我在古代靠种田赢麻了(5)
桑昭“嗯”了一声:“什么事?”
卫鹤看了一眼她身后半开的大门,没有说话,桑昭一时半会儿没领会到他的意思,也安静地回望着他。
气氛一时凝固。
卫鹤未发声,他身后的长随先按捺不住:“女公子不请侯爷进去吗?”
卫鹤侧目:“无礼。”
桑昭明白了,打开大门,侧身:“进来吗?”
卫鹤轻笑:“却之不恭。”
带路的人和马夫被留在门外,卫鹤和长随跟在裴如芥身后,进了宅门。
桑昭已经先一步进屋,将他们带进空荡的堂屋,裴如芥犹豫片刻,为桑昭和卫鹤各自倒了一杯热水,守在屋外。
长随皱眉:“没有茶吗?”
桑昭抬头看他一眼:“我不喜欢喝茶。”
“子风。”卫鹤自己找了个位置坐下,“不可无礼。”
叫作子风的长随偃旗息鼓,没了气焰,闭着嘴退回卫鹤身后,不再出声。
卫鹤没有动桌上的热水,只是偏头看了眼直接大咧咧晾在院子里的衣裳,又看向捧起热水杯的桑昭,注意到她的食指上似乎有一道划伤:“昨日云烟楼的柳荷死了,据说被人割了喉,血流了一地。高氏二公子发了好大的火,欲要满城搜捕一位金衣女郎。”
桑昭:“他没来。”
“是,他没来。”卫鹤微微点头,有些意外于她毫不避讳地承认,“柳荷的事昨日被按下,今晨放出去时,百姓无不欢欣鼓舞,言女郎是义士。”
桑昭轻轻晃动着杯中的热水:“为什么?”
“高昌是个自持身份,不在乎声名狼藉的蠢货。”卫鹤笑意淡淡,“但高昌之兄不是,高氏家主过寿,不宜闹事,他按下此事,禁足高昌,不许任何人为柳荷收尸。”

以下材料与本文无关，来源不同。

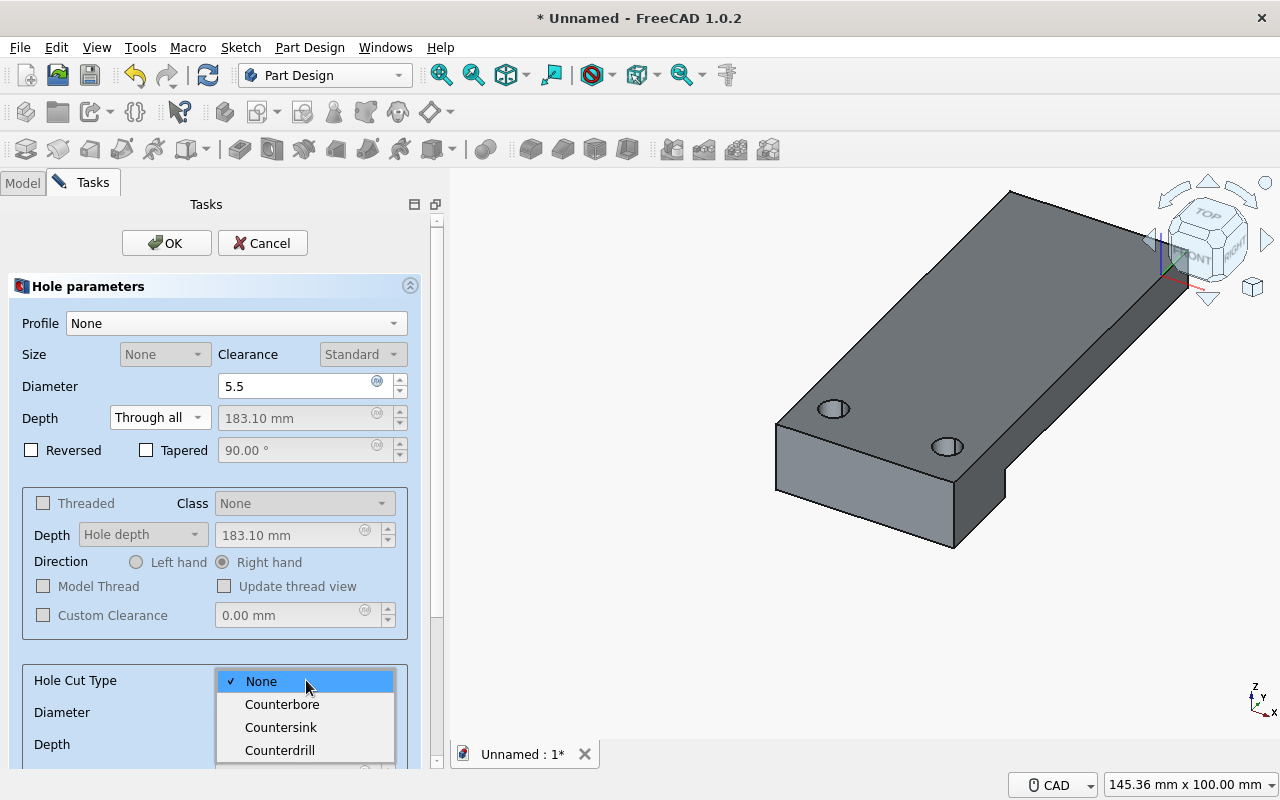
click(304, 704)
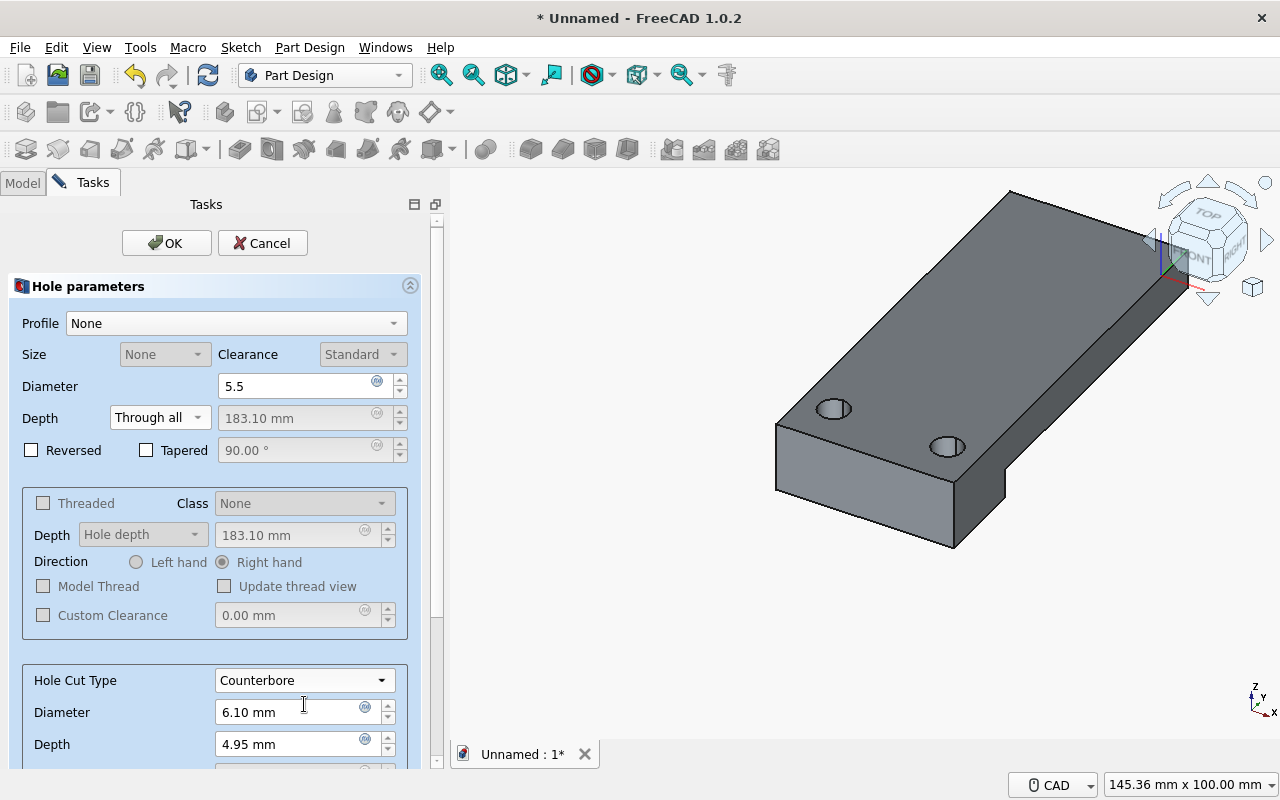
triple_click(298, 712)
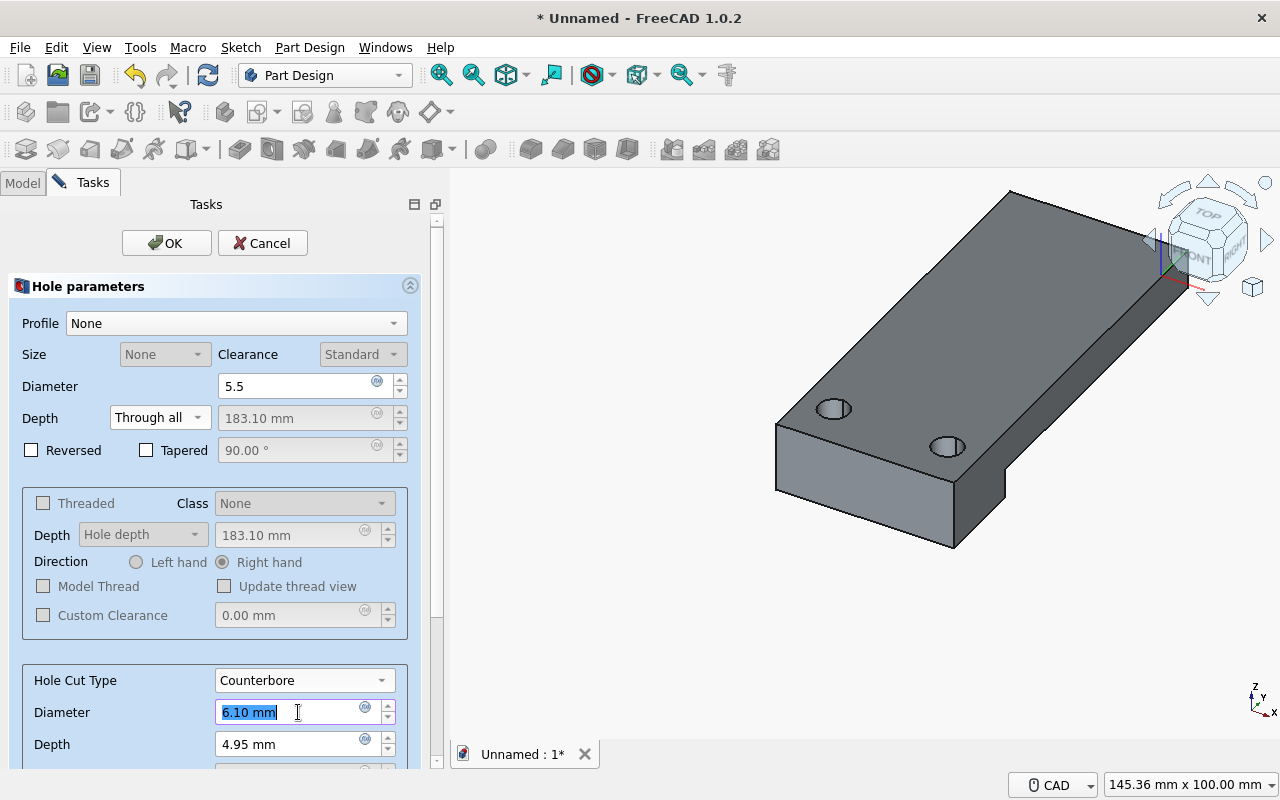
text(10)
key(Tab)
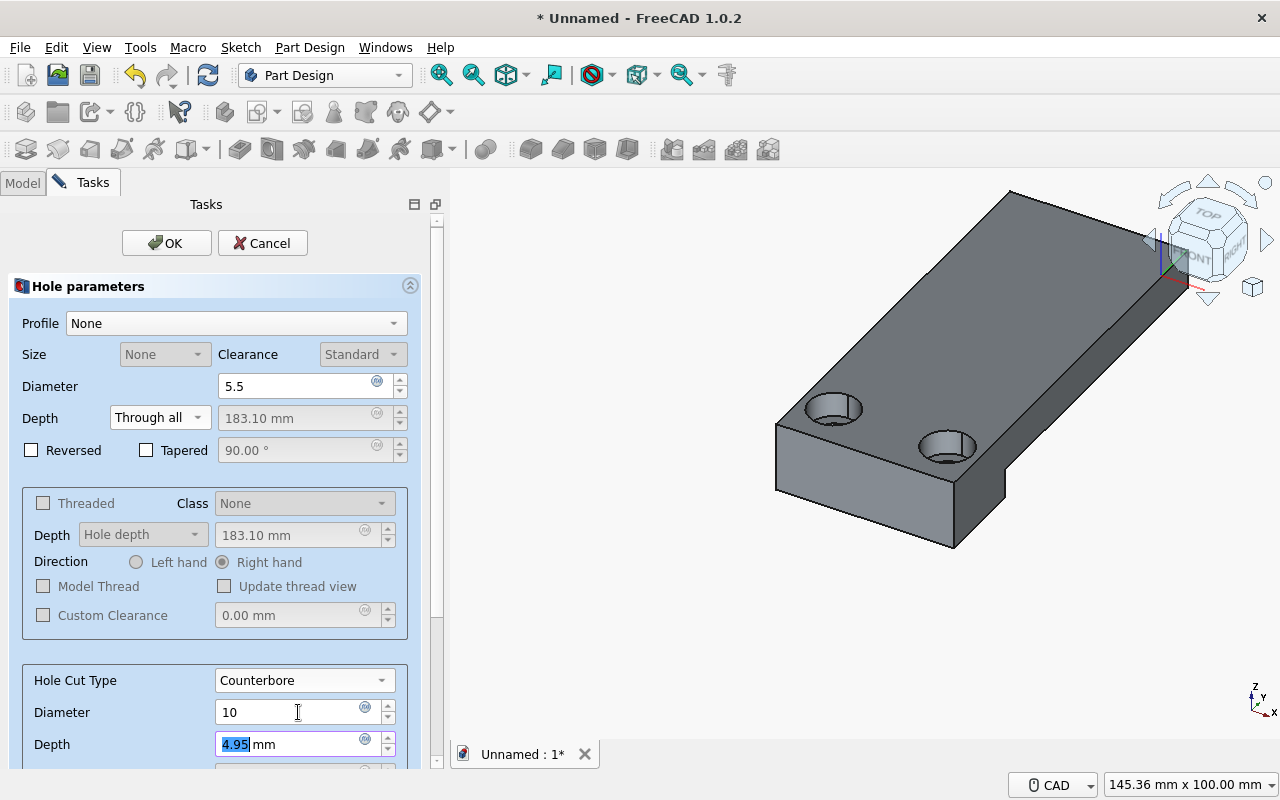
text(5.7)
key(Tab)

“再者——”他微微顿了顿,“此处是卫氏的宅子,就算高昌不满于高长公子,也不敢将手伸进这里。”
子风听着自家侯爷的声音,眉眼之间不自觉地露出几分骄傲。
“啊……”桑昭有些诧异,“谢谢你。”
“......”
卫鹤不知道桑昭是真没听出来他一直在监视她,还是在装傻充愣,“……不客气?”
桑昭将手里的热水两口饮尽,偏头看向卫鹤:“禁足不行。”
她似乎有些生气:“他不来了,高长公子,多管闲事。”
“……”
卫鹤觉得她实际在骂自己,“女公子的意思是?”
“我不住这里了。”她干脆利落地起身,握了握自己的拳头,就要往外走。
卫鹤跟不上她的脑回路,连忙起身跟上:“女公子是要去高府吗?”
桑昭看他一眼,视线在他的面容上停顿片刻,转头继续往外走:“嗯。”
“高府近日守卫森严。”卫鹤提醒,“寻常人等,难以进入。”
“要进去。”
桑昭停留在门口,守在门口的裴如芥转过身来,刚刚露出疑惑的表情,桑昭便让他去收衣服。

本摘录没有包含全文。